Describing his own addictions, Block says, “Drugs and alcohol have been a part of my life since I was a teenager. One of the things that has really gotten a lot of attention today is opioids, and that was a big part of my story through that time. I was an equal opportunity user. I delved into a lot of different things, but painkillers were a big part of that story. And let me tell you, they get their claws into you and it’s not an easy thing to step away from. But it certainly is possible.”
He recalls going to rehab “kicking and screaming,” but says having a two-year-old son at the time, and another child on the way, “There was also a big part of me that really wanted to get clean and sober, [so] I really dove into recovery. I strapped on my seatbelt and did what they told me. I let other people that had success with sobriety and recovery and trauma help me navigate. It’s the best thing I ever did.
“People look at recovery or giving up drugs or alcohol or going into treatment as a punishment,” adds Block. “It’s not. It’s really a gift.

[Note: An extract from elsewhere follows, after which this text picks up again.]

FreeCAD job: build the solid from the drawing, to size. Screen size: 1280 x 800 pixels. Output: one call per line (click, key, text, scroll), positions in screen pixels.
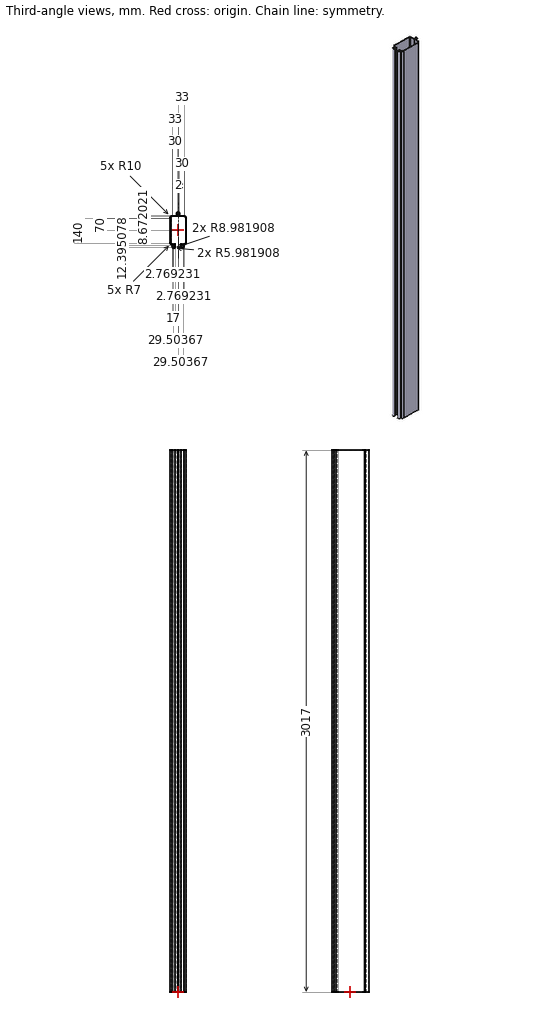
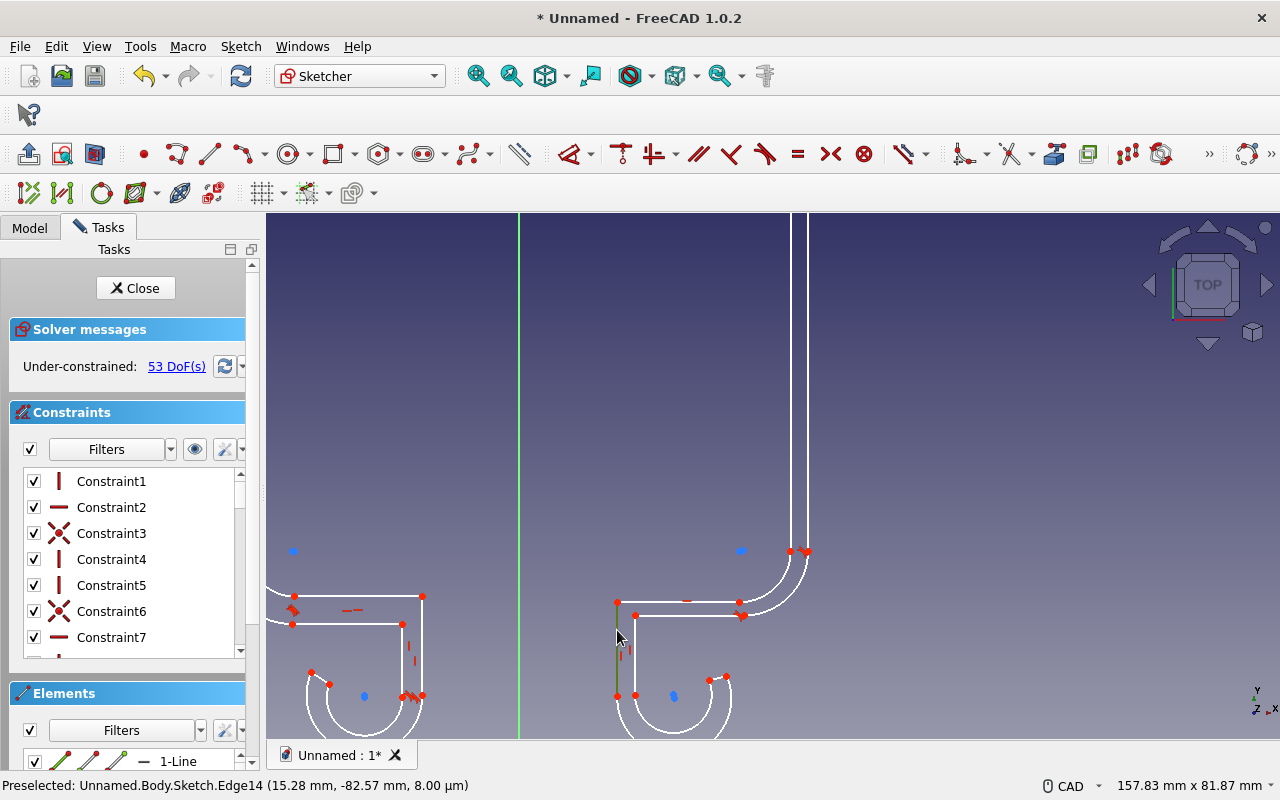
scroll(765, 600, down, 7)

If you go in there looking it as an opportunity where you literally get plucked out of your life, and all you need to do is focus on yourself, your stuff and your sobriety, it’s like college for life.”

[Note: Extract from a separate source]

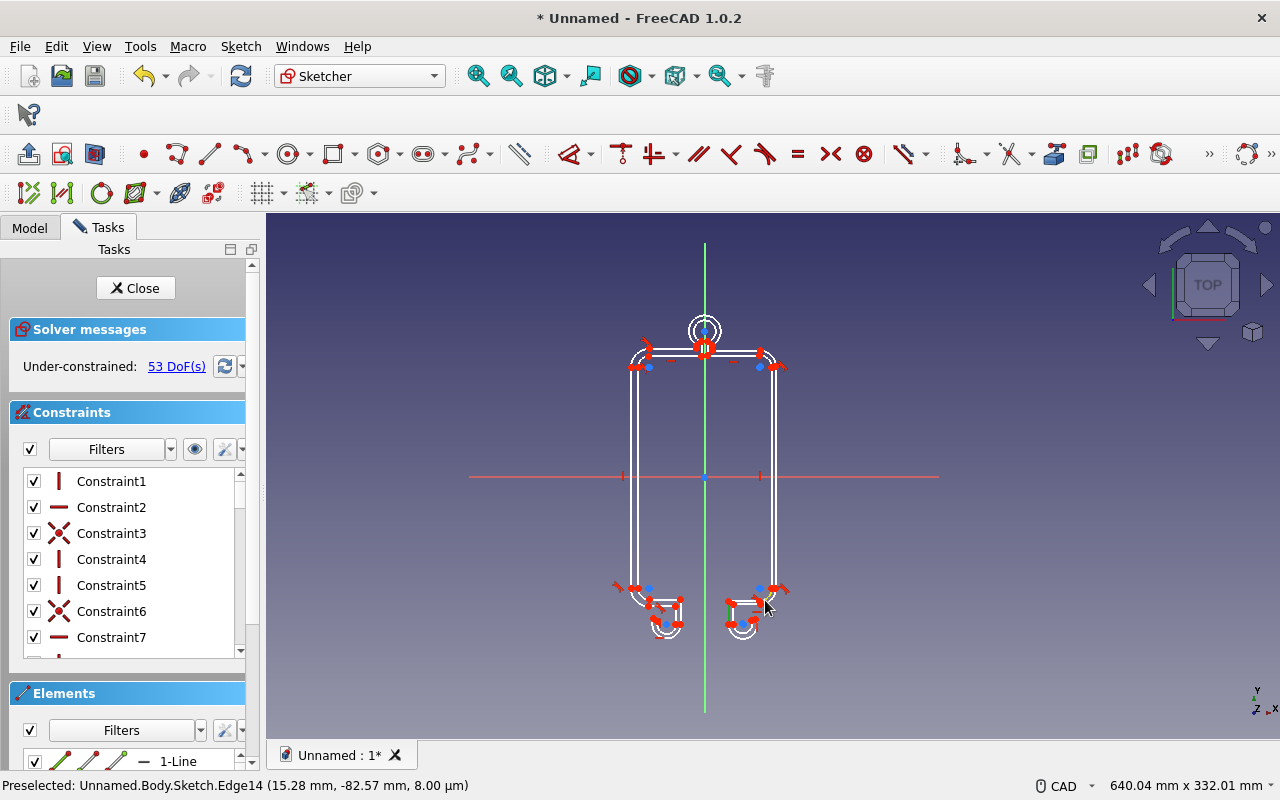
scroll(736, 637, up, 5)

For the music video, Block says the band wanted to show “how things just fall apart as something like alcohol or drugs sneak into your lives and rip it apart.” The clip was directed by Ed Pryor of Hideout Pictures, with Sister Hazel bassist Jett Beres acting as creative consultant.
While both the song — which appears on the group’s recently released EP, Water — and the video tackle a sad, weighty topic, they still strike a hopeful tone at the end as the lyrics — and the storyline — take an encouraging twist. “It’s nice to be able to get through something heavy, but then dust it with a little bit of optimism,” says Block of that creative decision.
The video shows other men moving the lead character’s belongings out of a rehab facility, where his wife is waiting to take him back. Those characters reminded Block of real people in his life. “That’s one of the things about the recovery community,” he says. “These beat-up, ragged people that have been to hell and back come together and miracles happen. Your life can turn around, and people that love you will be there for you.”
The song’s takeaway message about addiction, Block adds, is that, “There’s a way to walk out of that with dignity, with hope and with a joyful future.”